2023-11-13 03:30:04
It is a fragment of hell bordered by fine sand. In West Point, a dizzying township planted in the south of Monrovia, Liberia, mountains of rotting waste spread a pestilential odor. In this rainy season, the 80,000 inhabitants move through muddy alleys. Here, we live in anticipation of a predicted engulfment, that of the coastline devoured a little more each day by the Atlantic. But rising water levels are not the only threat. Cholera, Ebola, tuberculosis, epidemics have consumed West Point several times. Those who survived must now face a new calamity: narcotics.
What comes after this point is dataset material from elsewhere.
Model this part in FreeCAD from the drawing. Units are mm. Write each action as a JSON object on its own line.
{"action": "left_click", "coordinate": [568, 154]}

In small groups, apathetic figures rush into a sheet metal barracks plunged into darkness, this October followingnoon. Inside, around thirty men smoke in the stifling heat. Abdu, who presents himself as the gang leader, reigns over this group of “zogos”, the nickname drug users give themselves. “It’s been smoking everything for a long time. Heroin, Italian white [cocaïne]marijuana »lists the thirty-year-old, who swears he has picked up. “But here, we are losing the little ones. They consume too much kush. It’s worrying “, he laments, pointing to a little boy curled up on the ground, eyes half-closed, smiling blissfully. Sold for 100 Liberian dollars (50 euro cents) per pellet, kush is spreading like wildfire in the country’s 10,000 ghettos. Appearing in 2018 in neighboring Sierra Leone, where it causes similar devastation, this substance related to marijuana has a very powerful addictive power.
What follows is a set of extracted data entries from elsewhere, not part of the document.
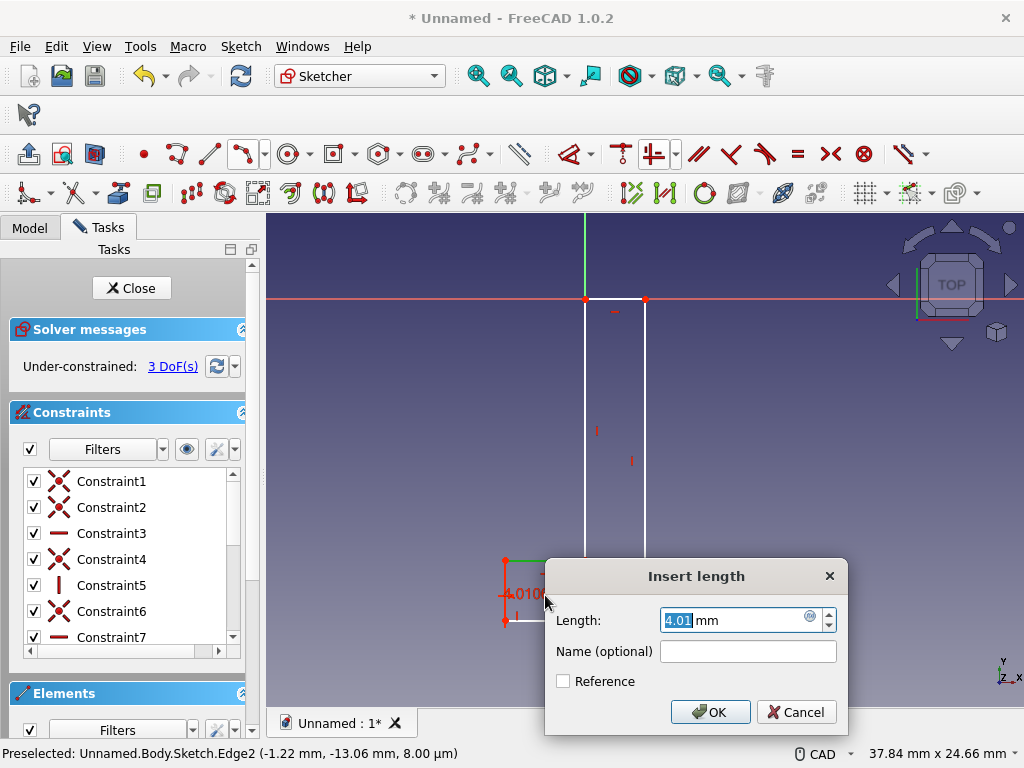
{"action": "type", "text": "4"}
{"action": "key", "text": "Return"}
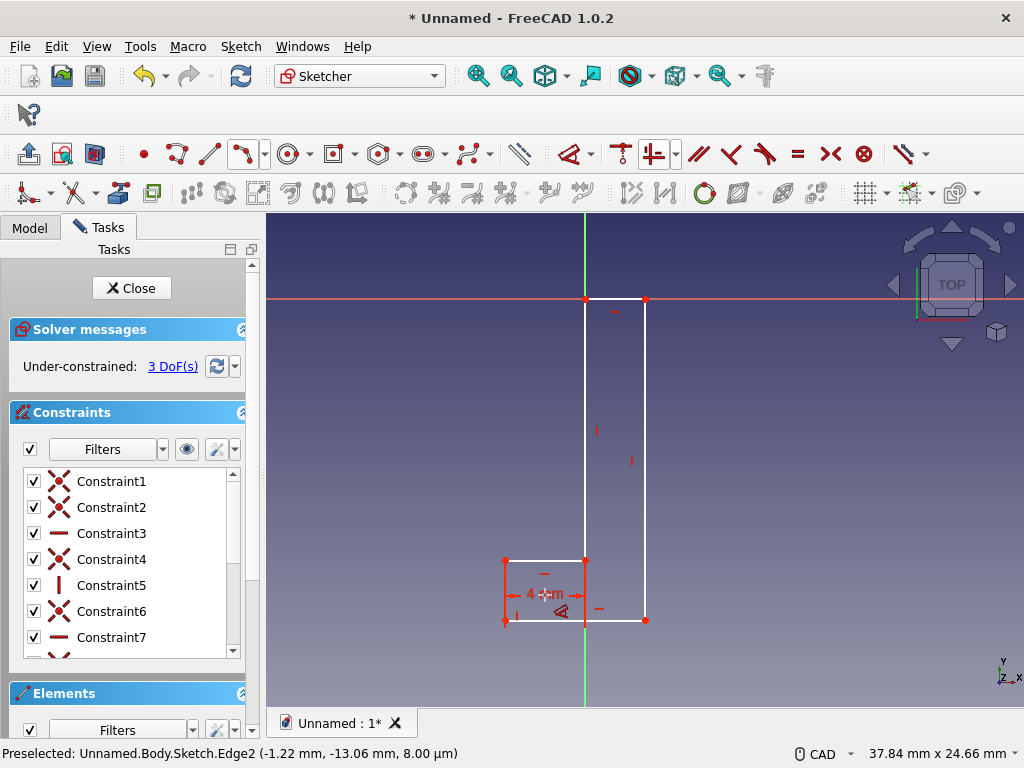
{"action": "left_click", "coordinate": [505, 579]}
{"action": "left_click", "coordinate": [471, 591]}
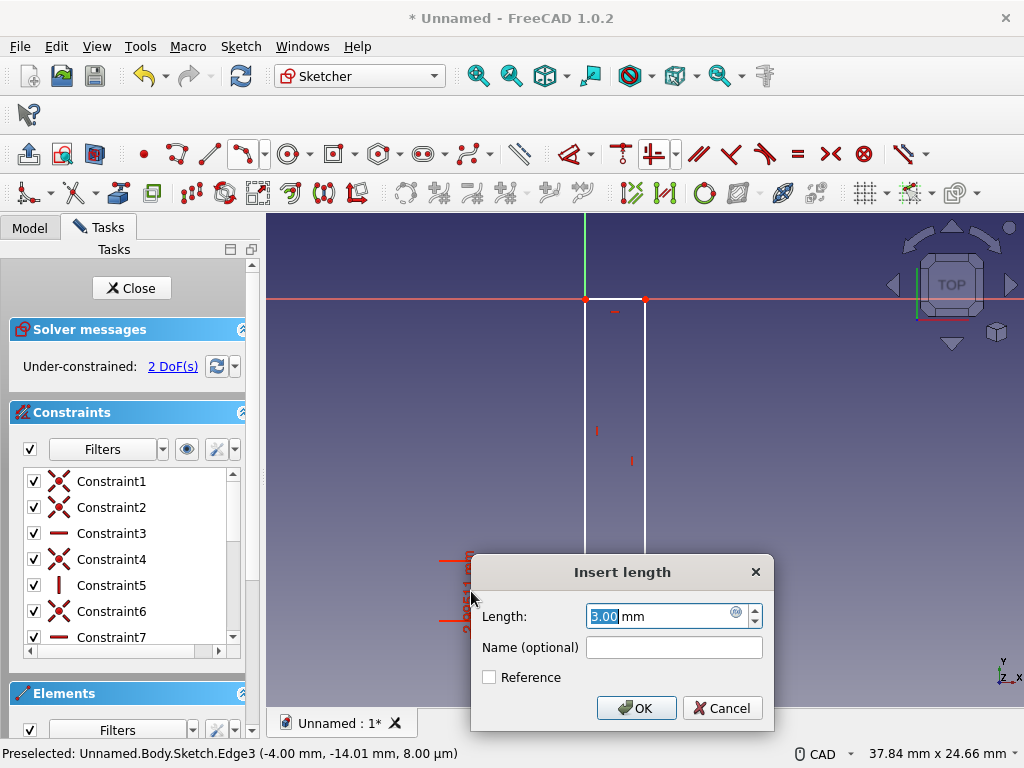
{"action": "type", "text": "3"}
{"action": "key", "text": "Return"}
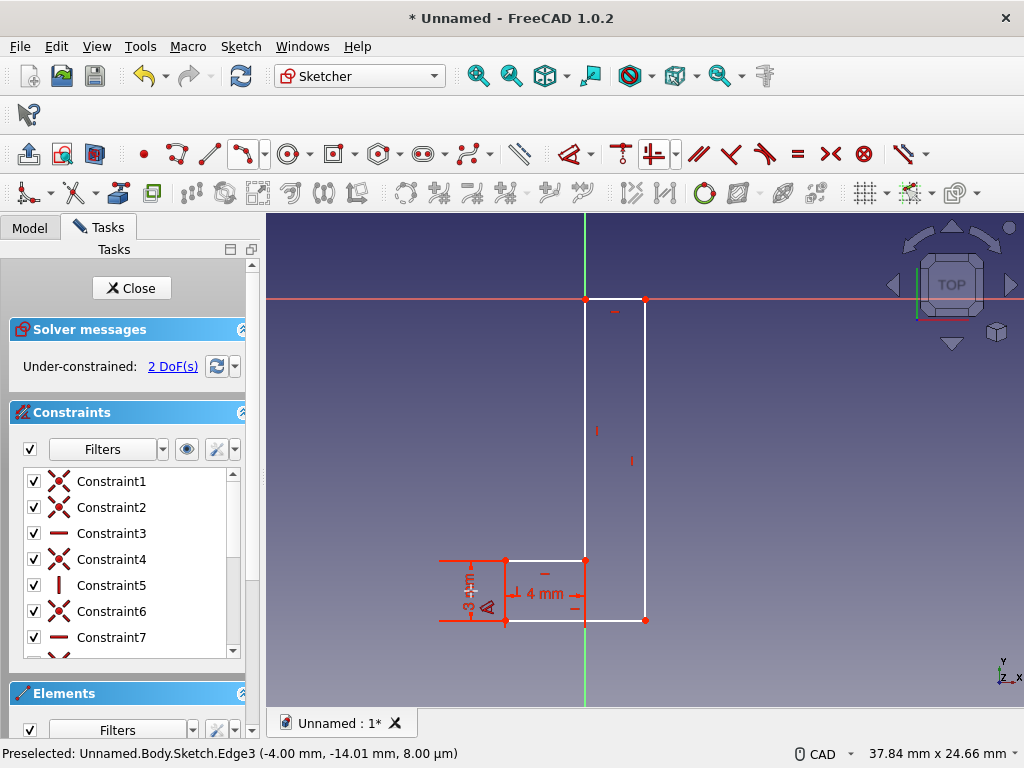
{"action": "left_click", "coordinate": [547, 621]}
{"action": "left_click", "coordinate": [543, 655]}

“We need help!” », suddenly shouts Joseph Slero, known as “Rahu”, 30 years old, echoed in chorus by his comrades in the galley. The man with the tattooed arms is sweating profusely. Addicted for seven years, he knew cannabis before kush. “I tried to stop on my own, but I mightn’t. In withdrawal, I’m cold, I’m shaking, I have excruciating pain in my stomach. I want to stop. My girlfriend smokes too. She is pregnant. Our child will not be normal”he continues, fiddling with his bracelet on which shines a “Jesus loves the zogos”.
Joseph and the others carry a legacy of Liberia’s traumatic history. That of the civil wars, which ravaged the country between 1990 and 2003. At the time, thousands of children forcibly conscripted by warlords plunged into drugs. Opiates, alcohol, benzodiazepines… In the battalions, narcotics flow freely to “harden” the young troops once morest the enemy. Some are barely out of childhood. From these fourteen years of fratricidal struggles, Liberian society has emerged stunned – there have been at least 250,000 deaths – and sick of the addiction of its veterans.